However, as digital technologies continue to improve, there’s growing concern about the future of special effects and stunt performance. The impact of generative artificial intelligence was a central theme of the Sag-Aftra union’s 2023 strike against TV and film studios in Los Angeles. This summer, Netflix announced that it had used generative AI in one of its shows for the first time. A study by the International Confederation of Societies of Authors and Composers, which has member societies in 111 countries, has predicted that AI-generated audio-visual output will be worth €48bn by 2028 – an annual growth of 85 per cent since 2023 (though the bulk of this output will be seen on social-media platforms and TV broadcasts, rather than in film).
David Honrubia, In Extremis’s director of studies, acknowledges that technology is advancing at a “dizzying” rate.

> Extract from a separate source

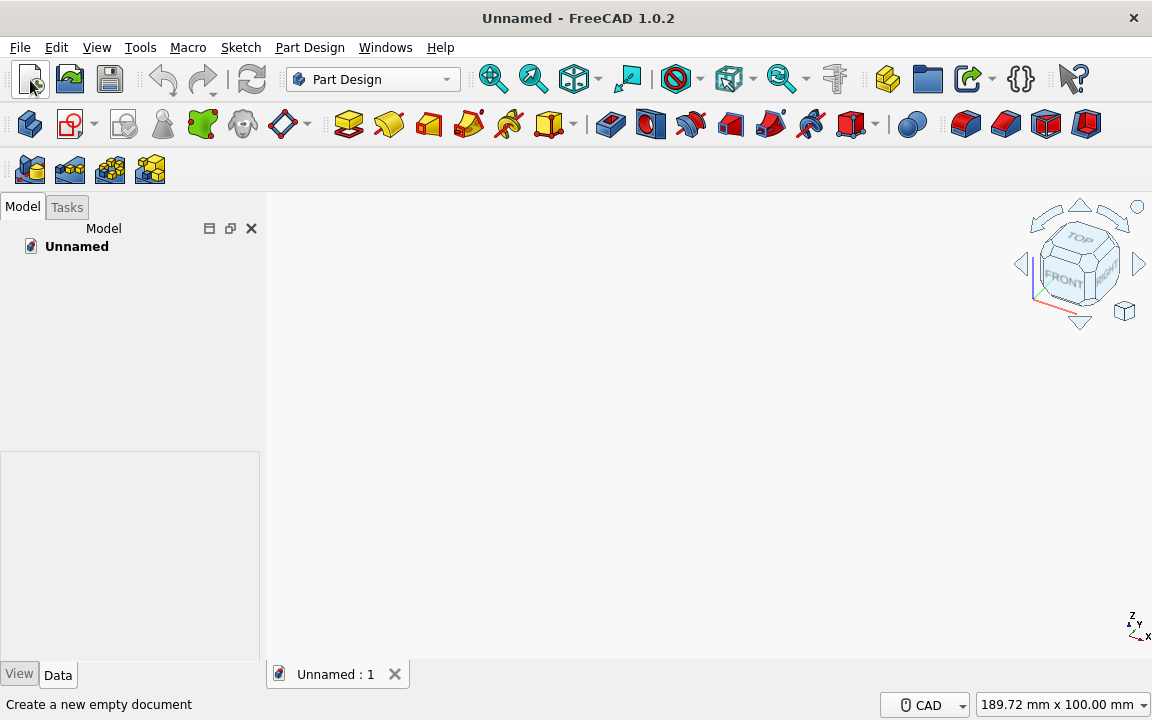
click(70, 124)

The academy is developing new courses to keep up with this, such as those involving shooting action with drones and motion-capture for game animation. But Honrubia is keen to distinguish between CGI as a digital tool that complements physical stunts and fully AI-generated content. Computer graphics are often used to heighten an action sequence but audiences still hanker for something that is human. “There’s nothing more real than what is truly real,” he says. As In Extremis shows, there’s a thrill in watching people putting themselves in danger in the service of cinema. That’s how to get audiences to hold their breath.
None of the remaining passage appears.